Wednesday, 3 June 2015

RBI Delivers But Sings A Hawkish Tune.

As expected, in its second bi-monthly policy review of the new fiscal, the Reserve Bank of India (RBI) obliged with a much needed rate cut, with the repo rate slashed by 25 bps, the third such reduction in 2015.

The repo rate was cut to 7.25 per cent from 7.50 per cent while CRR was kept intact at 4 per cent. The case for a rate cut this time around was quite strong given the pullback in inflationary pressures thanks to a softening commodity price cycle that pushed consumer inflation, the RBI’s most watched gauge to a four-month low of 4.87 per cent in April 2015.

Moreover, Raghuram Rajan, the RBI Governor doesn’t seem to be too convinced over the strength of the economic recovery as he warned over tepid investment and demand, a fact evident by the dismal March quarter report cards delivered by India Inc., vindicating the rate cut verdict.

Further, Rajan also stressed against reading too much into the March GDP numbers that showed the economy grew 7.5 per cent, outsmarting China’s 7 per cent.

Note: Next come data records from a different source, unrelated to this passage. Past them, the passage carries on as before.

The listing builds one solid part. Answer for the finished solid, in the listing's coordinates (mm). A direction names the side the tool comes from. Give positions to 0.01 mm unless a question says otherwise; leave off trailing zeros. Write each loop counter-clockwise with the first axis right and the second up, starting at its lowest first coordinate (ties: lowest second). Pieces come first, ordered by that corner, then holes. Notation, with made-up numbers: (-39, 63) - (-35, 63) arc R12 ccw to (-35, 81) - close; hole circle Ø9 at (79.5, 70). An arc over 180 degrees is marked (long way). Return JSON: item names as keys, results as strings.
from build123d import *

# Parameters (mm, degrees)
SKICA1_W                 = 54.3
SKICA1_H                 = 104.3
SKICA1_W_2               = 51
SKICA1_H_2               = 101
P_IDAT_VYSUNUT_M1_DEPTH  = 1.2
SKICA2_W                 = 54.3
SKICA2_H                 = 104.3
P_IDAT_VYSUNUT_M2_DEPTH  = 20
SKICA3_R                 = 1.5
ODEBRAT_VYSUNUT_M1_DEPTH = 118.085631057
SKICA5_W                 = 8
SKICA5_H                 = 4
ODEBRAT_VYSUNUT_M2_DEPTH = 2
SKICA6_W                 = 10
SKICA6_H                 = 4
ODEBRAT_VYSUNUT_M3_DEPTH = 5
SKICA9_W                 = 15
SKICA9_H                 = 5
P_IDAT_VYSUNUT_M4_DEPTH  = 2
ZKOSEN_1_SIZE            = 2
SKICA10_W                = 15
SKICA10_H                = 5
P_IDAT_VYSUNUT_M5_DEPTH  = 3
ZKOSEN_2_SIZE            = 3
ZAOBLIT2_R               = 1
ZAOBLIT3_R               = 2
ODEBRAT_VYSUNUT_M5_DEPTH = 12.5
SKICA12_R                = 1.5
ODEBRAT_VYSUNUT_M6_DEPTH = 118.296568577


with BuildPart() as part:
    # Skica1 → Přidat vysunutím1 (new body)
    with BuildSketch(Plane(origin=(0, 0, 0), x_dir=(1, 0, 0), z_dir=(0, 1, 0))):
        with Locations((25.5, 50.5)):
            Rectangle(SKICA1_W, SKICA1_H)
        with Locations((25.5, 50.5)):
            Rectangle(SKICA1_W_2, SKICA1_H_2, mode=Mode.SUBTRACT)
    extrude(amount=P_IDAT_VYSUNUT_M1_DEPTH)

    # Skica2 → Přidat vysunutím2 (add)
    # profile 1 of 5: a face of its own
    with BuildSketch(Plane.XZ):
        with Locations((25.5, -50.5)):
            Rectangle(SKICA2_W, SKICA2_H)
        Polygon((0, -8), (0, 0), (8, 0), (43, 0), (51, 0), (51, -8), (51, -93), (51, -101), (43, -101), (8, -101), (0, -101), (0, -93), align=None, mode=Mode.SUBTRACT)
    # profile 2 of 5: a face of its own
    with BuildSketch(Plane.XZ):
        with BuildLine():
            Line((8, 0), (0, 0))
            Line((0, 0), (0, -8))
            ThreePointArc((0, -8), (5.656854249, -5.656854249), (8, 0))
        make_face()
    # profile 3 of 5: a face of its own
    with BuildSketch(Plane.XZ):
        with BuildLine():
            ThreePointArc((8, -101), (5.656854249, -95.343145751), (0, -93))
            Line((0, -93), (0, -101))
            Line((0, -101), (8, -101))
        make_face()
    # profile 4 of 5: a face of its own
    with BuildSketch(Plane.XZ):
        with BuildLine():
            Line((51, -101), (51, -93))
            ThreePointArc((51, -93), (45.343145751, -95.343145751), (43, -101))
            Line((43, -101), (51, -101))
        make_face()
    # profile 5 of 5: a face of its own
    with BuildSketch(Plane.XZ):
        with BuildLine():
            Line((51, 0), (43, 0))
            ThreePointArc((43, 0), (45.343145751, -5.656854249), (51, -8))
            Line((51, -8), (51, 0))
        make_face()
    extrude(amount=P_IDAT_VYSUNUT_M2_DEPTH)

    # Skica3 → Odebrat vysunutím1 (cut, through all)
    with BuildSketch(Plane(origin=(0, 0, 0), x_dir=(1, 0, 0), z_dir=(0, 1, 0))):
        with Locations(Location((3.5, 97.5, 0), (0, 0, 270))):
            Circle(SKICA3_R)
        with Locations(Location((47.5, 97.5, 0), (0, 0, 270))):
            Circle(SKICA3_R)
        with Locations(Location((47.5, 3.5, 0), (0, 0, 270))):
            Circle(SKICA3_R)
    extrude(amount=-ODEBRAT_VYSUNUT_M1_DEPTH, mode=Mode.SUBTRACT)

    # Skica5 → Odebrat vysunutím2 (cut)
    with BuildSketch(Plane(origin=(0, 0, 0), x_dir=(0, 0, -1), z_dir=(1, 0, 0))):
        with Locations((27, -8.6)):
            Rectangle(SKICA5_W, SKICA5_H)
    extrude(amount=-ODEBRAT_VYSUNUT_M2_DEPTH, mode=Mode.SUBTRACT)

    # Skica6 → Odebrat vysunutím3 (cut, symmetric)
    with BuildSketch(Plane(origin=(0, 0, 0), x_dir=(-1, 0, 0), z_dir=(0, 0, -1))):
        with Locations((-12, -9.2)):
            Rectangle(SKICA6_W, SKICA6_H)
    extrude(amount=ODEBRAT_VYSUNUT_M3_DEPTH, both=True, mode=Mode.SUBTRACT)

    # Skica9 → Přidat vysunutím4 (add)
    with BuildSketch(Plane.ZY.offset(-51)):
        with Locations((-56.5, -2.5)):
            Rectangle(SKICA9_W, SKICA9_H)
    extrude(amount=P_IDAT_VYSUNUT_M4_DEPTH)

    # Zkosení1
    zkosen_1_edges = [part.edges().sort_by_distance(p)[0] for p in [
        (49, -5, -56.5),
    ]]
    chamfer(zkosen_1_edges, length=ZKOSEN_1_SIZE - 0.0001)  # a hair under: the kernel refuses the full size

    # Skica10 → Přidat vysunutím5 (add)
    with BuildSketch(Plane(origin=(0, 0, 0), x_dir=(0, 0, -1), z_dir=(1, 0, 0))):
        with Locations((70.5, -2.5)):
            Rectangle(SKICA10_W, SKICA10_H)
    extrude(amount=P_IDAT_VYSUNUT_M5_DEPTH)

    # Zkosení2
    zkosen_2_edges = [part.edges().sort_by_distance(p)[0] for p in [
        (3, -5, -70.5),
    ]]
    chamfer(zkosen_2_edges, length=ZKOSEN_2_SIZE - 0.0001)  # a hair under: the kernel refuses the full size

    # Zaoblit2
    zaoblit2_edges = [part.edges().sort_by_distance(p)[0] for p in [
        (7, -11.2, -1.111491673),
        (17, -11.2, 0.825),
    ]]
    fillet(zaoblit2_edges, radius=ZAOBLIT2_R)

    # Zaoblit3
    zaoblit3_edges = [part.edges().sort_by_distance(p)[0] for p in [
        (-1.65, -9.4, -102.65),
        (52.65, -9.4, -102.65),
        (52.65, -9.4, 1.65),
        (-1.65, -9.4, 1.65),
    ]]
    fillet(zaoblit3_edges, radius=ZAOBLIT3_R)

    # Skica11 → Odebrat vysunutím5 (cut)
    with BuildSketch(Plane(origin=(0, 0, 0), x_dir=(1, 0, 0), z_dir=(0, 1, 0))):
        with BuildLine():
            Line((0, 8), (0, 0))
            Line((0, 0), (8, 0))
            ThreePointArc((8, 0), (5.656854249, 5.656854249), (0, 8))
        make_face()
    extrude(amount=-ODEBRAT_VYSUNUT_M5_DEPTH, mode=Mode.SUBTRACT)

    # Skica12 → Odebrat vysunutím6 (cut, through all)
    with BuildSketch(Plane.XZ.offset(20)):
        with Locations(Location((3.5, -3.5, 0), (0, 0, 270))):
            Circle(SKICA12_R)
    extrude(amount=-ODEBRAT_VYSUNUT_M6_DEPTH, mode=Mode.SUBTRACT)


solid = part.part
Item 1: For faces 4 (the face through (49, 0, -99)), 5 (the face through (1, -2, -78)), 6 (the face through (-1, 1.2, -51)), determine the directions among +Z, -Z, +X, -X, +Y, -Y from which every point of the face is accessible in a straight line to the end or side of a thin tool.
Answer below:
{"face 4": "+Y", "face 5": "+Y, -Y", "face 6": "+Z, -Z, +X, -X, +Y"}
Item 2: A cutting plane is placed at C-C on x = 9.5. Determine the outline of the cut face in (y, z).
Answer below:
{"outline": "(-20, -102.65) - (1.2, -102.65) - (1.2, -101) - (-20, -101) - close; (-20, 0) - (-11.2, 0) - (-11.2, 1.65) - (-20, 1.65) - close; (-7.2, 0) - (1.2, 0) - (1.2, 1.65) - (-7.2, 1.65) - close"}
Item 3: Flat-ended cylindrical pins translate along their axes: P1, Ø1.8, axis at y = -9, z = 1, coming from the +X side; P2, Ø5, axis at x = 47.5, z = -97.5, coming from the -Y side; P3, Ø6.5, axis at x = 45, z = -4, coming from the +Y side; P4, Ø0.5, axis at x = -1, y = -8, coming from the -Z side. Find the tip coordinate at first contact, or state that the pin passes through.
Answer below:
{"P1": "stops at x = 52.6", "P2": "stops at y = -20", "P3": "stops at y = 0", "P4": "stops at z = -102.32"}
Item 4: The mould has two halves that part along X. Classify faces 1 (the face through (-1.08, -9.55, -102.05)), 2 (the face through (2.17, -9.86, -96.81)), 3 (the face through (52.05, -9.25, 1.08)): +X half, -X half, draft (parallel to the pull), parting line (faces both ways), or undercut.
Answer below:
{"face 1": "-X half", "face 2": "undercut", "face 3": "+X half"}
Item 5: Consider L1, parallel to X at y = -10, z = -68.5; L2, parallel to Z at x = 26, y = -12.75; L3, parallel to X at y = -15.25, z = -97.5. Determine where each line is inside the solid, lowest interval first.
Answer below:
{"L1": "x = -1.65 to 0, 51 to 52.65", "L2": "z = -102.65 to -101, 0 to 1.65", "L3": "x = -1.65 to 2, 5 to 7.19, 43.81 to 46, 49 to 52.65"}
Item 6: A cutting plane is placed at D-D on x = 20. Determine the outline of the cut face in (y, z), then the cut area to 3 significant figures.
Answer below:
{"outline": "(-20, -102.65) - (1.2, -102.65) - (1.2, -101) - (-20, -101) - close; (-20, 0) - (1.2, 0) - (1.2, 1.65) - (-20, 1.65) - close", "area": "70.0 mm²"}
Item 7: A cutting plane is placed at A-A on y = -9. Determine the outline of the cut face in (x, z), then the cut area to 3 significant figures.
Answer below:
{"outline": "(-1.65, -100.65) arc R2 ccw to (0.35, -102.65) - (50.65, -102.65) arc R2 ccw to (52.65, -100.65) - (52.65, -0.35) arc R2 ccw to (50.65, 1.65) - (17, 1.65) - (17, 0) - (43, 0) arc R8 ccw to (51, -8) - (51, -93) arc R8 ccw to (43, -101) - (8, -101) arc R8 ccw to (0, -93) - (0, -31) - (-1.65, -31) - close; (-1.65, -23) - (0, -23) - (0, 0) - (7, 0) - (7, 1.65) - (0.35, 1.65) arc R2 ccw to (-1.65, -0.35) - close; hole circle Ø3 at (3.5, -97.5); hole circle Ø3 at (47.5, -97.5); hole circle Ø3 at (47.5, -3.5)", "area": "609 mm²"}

However, the headline GDP figure may be subject to distortions while tumbling exports, a dip in April core sector output, and a slowdown in Gross Value Added to 6.1 per cent in the March quarter from 6.8 per cent in December quarter, signaled that the economy was in need of further stimulus support.

The rate cut would act as a catalyst for growth as falling interest rates aid a credit pickup and bolster a capex rebound. Softening interest rates would be a boon for rate-sensitive sectors such as banks, auto, realty and capital goods, with housing and auto loans likely to get cheaper, bolstering consumer appetite while lower credit costs may help stalled infra projects to take off.



That is where the good news ends with the RBI signaling a long pause before another rate cut as it warned of upside risks to inflation including a below par monsoon (now downgraded to 88 per cent of the Long Period Average) that can prop up food inflation, a rise in oil prices and heightened external volatility.

Rajan’s outlook for further policy easing summed up by his words “conservative strategy would be to wait” clearly indicate that this was probably the last rate cut for quite some time. However, if the rain Gods are kind to us and the Monsoon tops forecast, while the government continues strongly with its fiscal consolidation progress, we won’t have to wait longer for another rate cut.